----- Given information -----
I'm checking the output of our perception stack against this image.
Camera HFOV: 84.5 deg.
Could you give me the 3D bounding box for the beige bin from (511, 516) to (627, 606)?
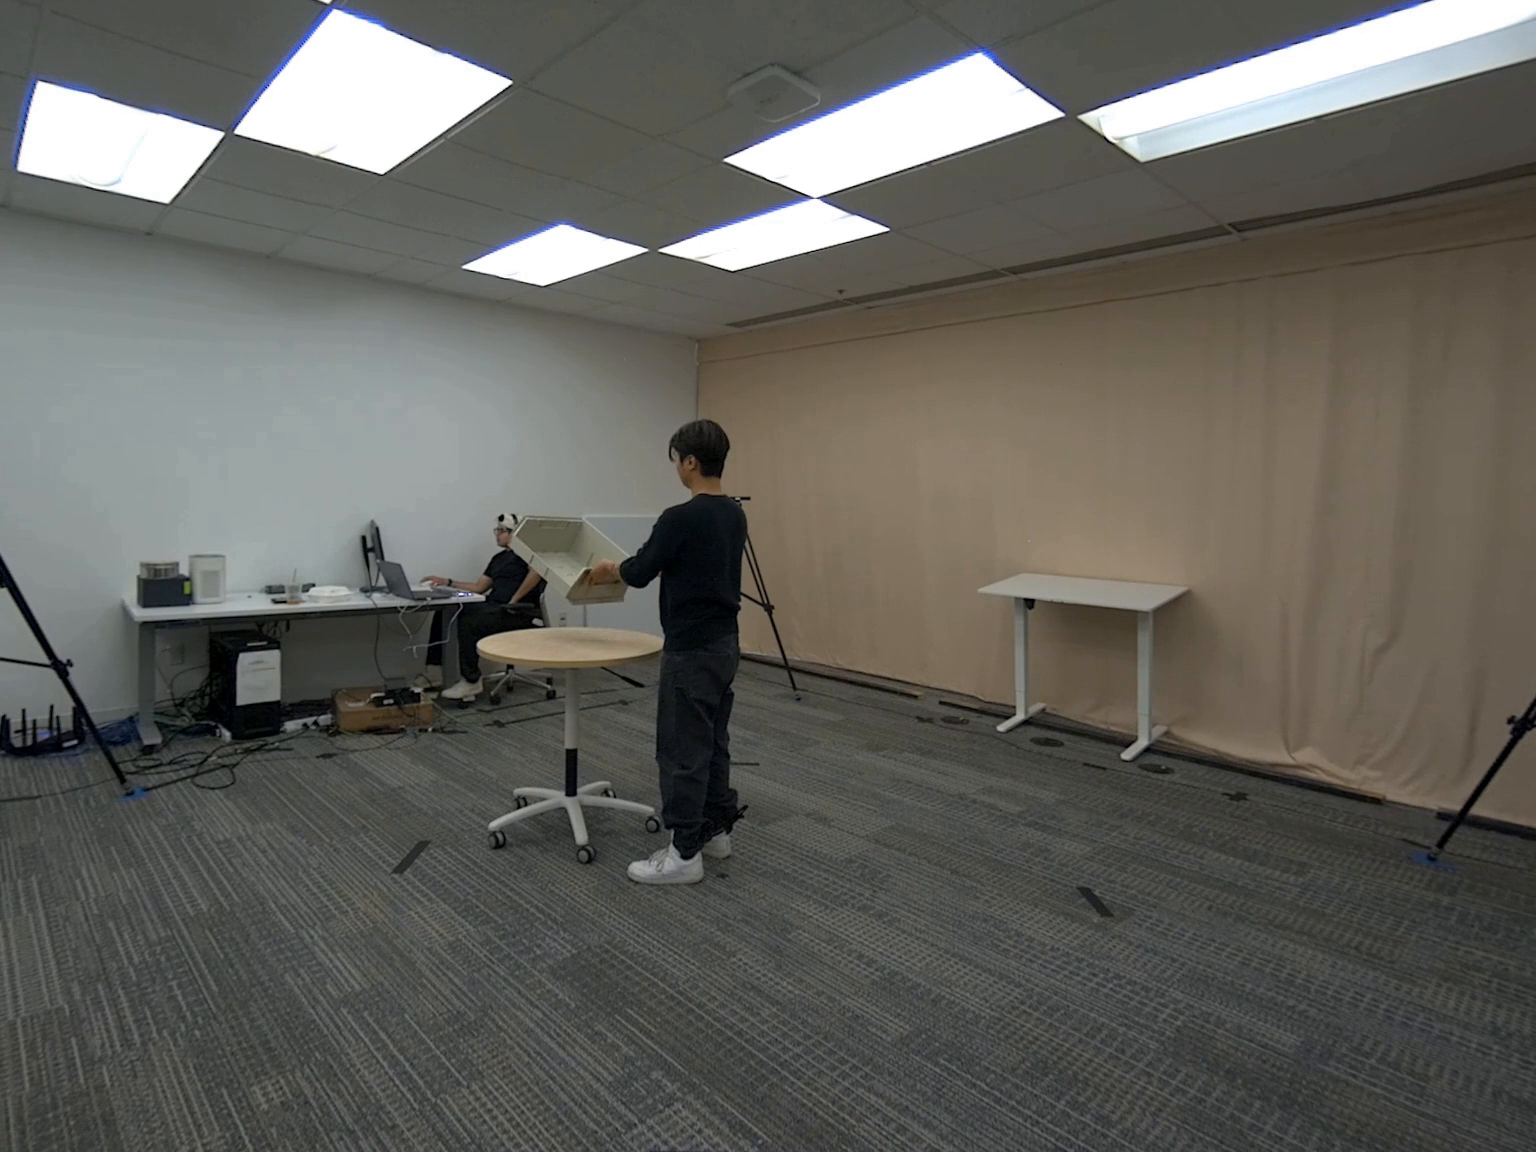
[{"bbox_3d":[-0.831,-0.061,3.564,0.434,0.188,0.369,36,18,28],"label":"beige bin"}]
-----
▸ **Work required**: Would you copy all the material exactly, dropping the pictures?

▸ **Solution for this exercise**:
I'm checking the output of our perception stack against this image.
Camera HFOV: 84.5 deg.
Could you give me the 3D bounding box for the beige bin from (511, 516) to (627, 606)?
[{"bbox_3d":[-0.831,-0.061,3.564,0.434,0.188,0.369,36,18,28],"label":"beige bin"}]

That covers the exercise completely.